Jish (الجش, al-Jiŝ), also known by its Hebrew name of Gush Halab (גּוּשׁ חָלָב, Gūŝ Ḥālāḇ), or by its classical name of Gischala, is a local council in Upper Galilee, located on the northeastern slopes of Mount Meron, 13 km north of Safed, in Israel's Northern District. In , it had a population of , which is predominantly Maronite Catholic and Melkite Greek Catholic Christians (63%), with a Sunni Muslim Arab minority (about 35.7%).

Jish is the ancient Giscala or Gush Halav, first mentioned in the historical record by the Roman-Jewish historian Josephus, who described it as the home of John of Giscala and the last city in the Galilee to fall to the Romans during the First Jewish–Roman War (War 4:93).
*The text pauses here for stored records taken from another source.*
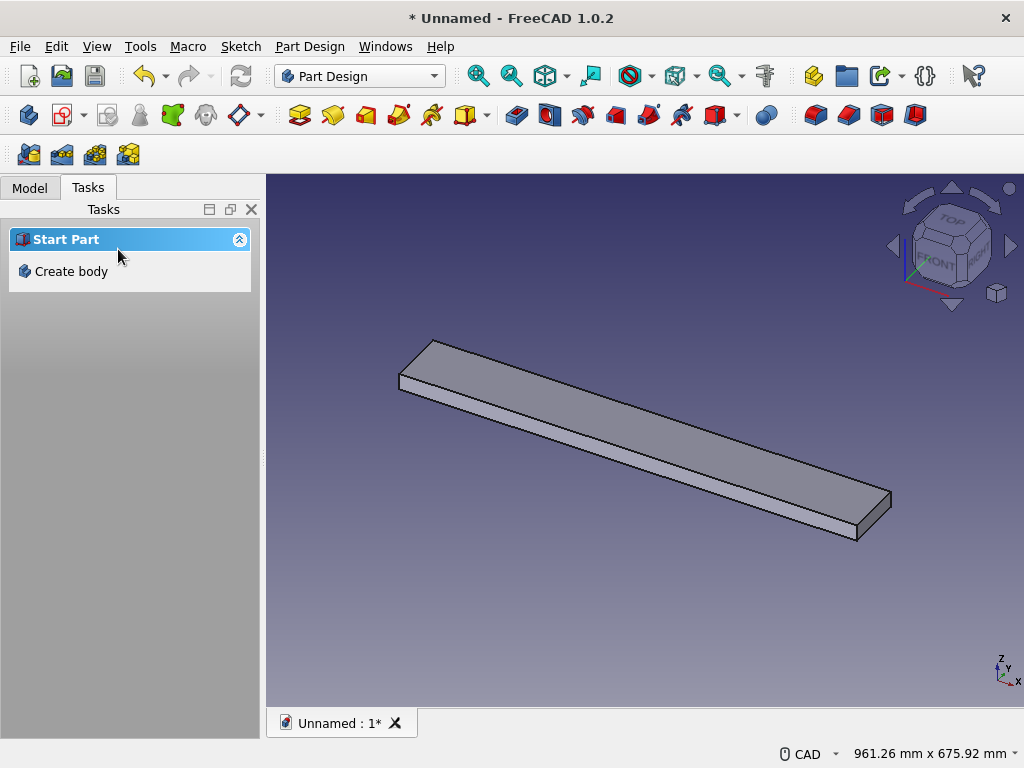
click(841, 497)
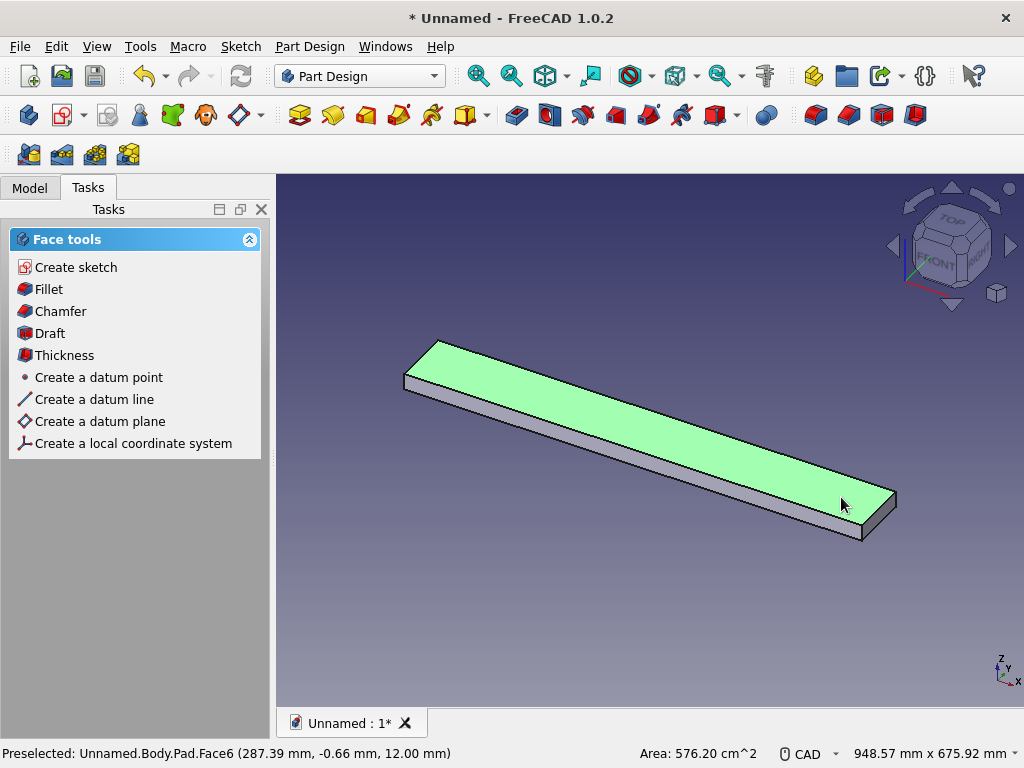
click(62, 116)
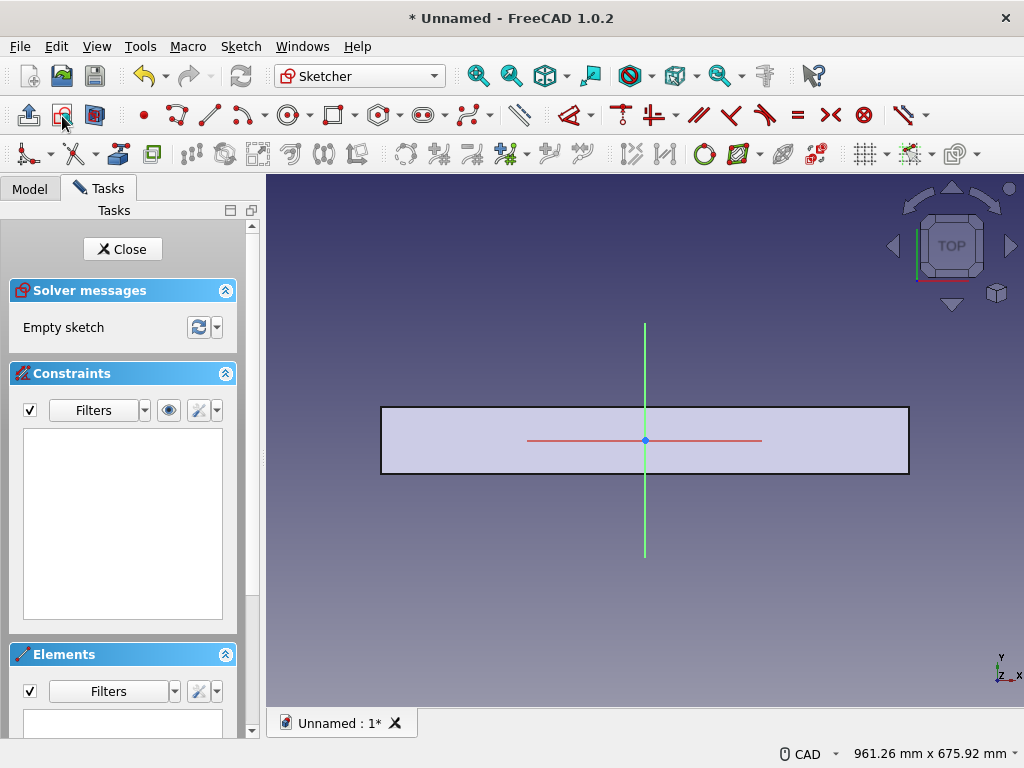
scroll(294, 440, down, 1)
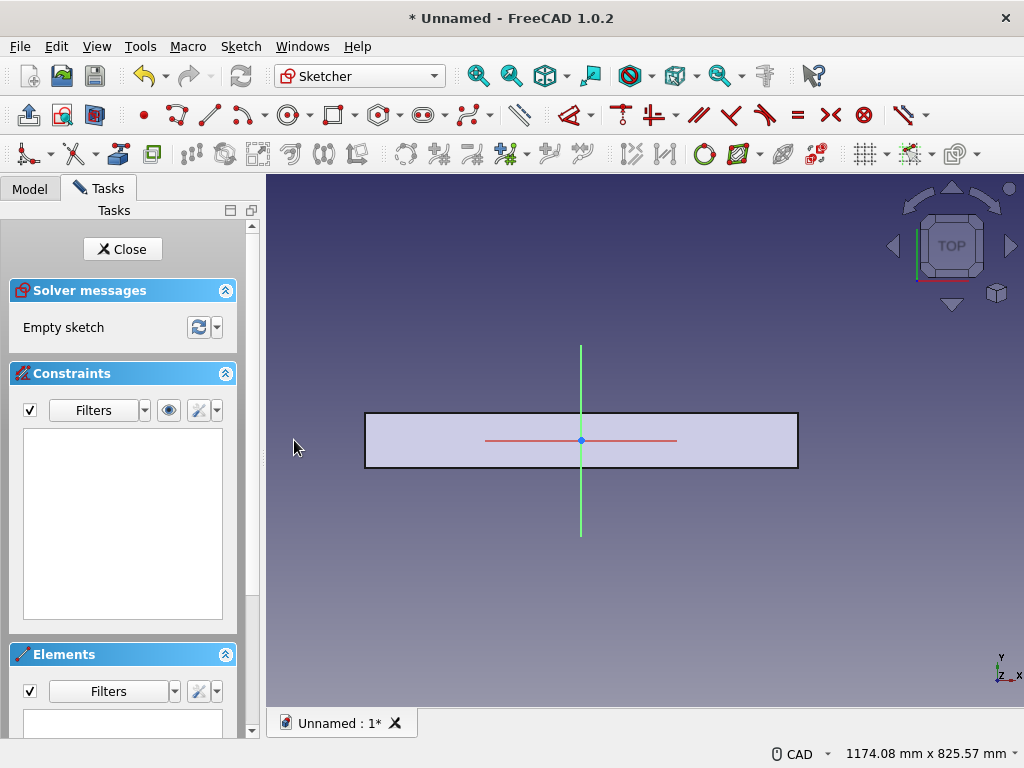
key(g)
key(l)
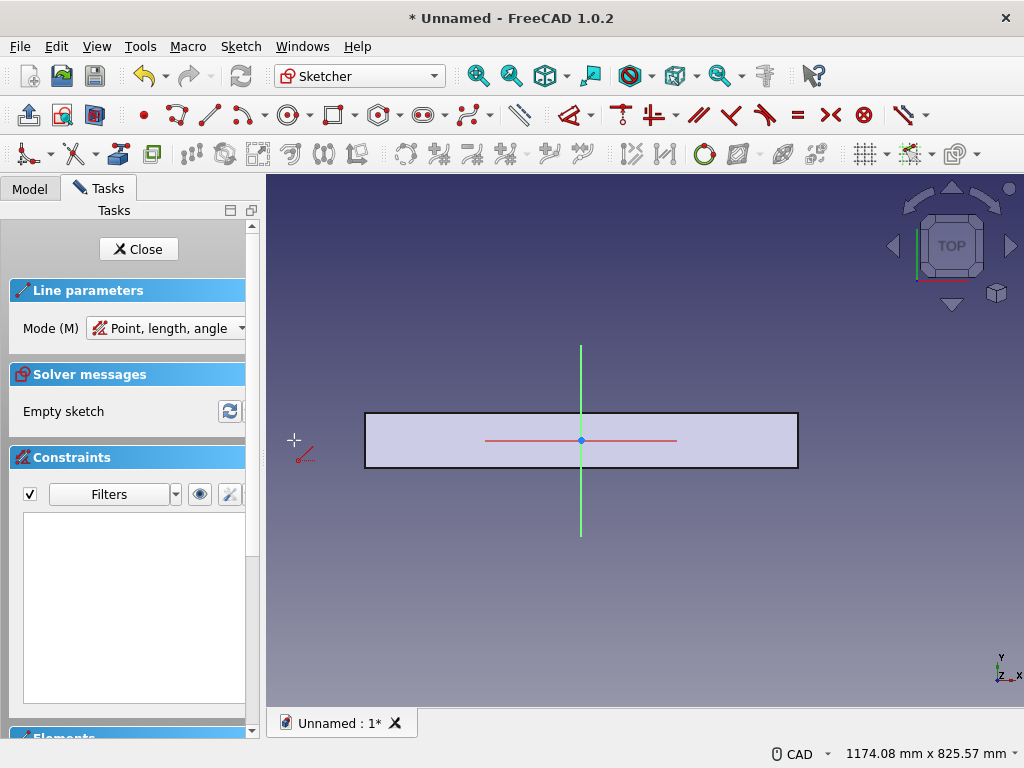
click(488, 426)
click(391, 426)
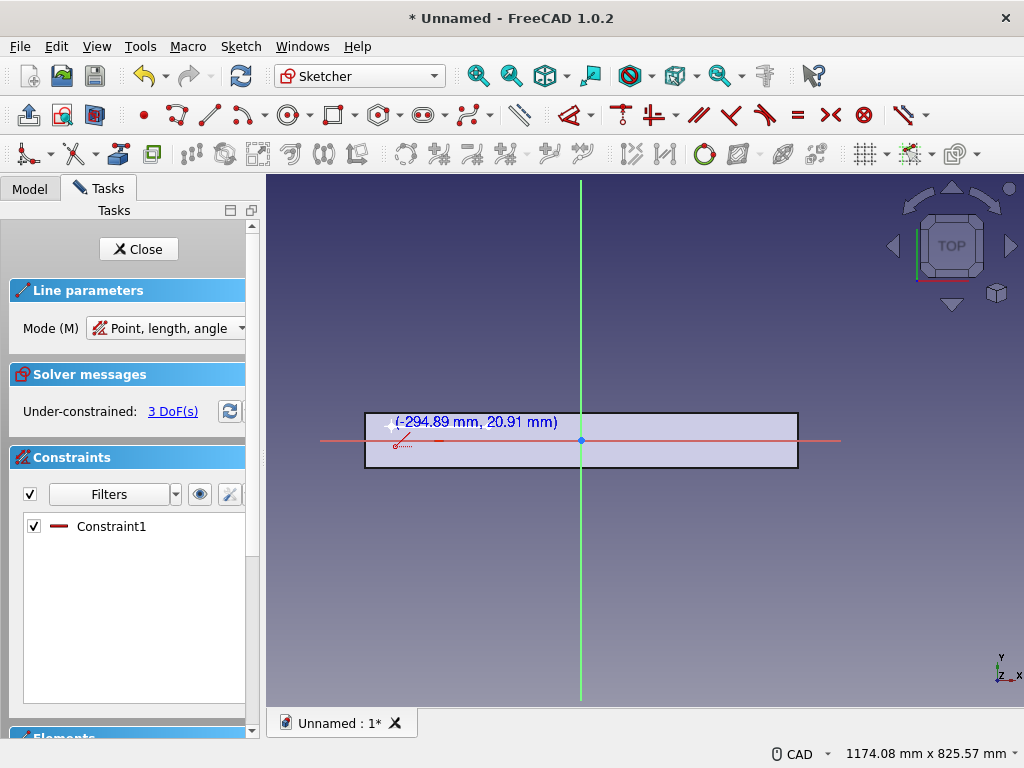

Archeological excavations uncovered remains from the Canaanite and Israelite periods; later archaeological finds in Jish include two ancient synagogues, a unique mausoleum and rock-cut tombs from the Roman and Byzantine periods. Historical sources dating from the 10th-15th centuries describe Jish (Gush Halav) as a village with a strong Jewish presence.

In the early Ottoman era, Jish was wholly Muslim. In the 17th century, the village was inhabited by Druze. In 1945, under British rule, Jish had a population of 1,090 with an area of 12,602 dunams. The village was largely depopulated during the 1948 Palestine war as part of the larger 1948 Palestinian expulsion and flight. After the war Jish was resettled not only by the original inhabitants, who were largely Maronite Christians, but also by some Maronite Christians who were expelled from the razed villages of Kafr Bir'im and some Muslims who were expelled from Dallata.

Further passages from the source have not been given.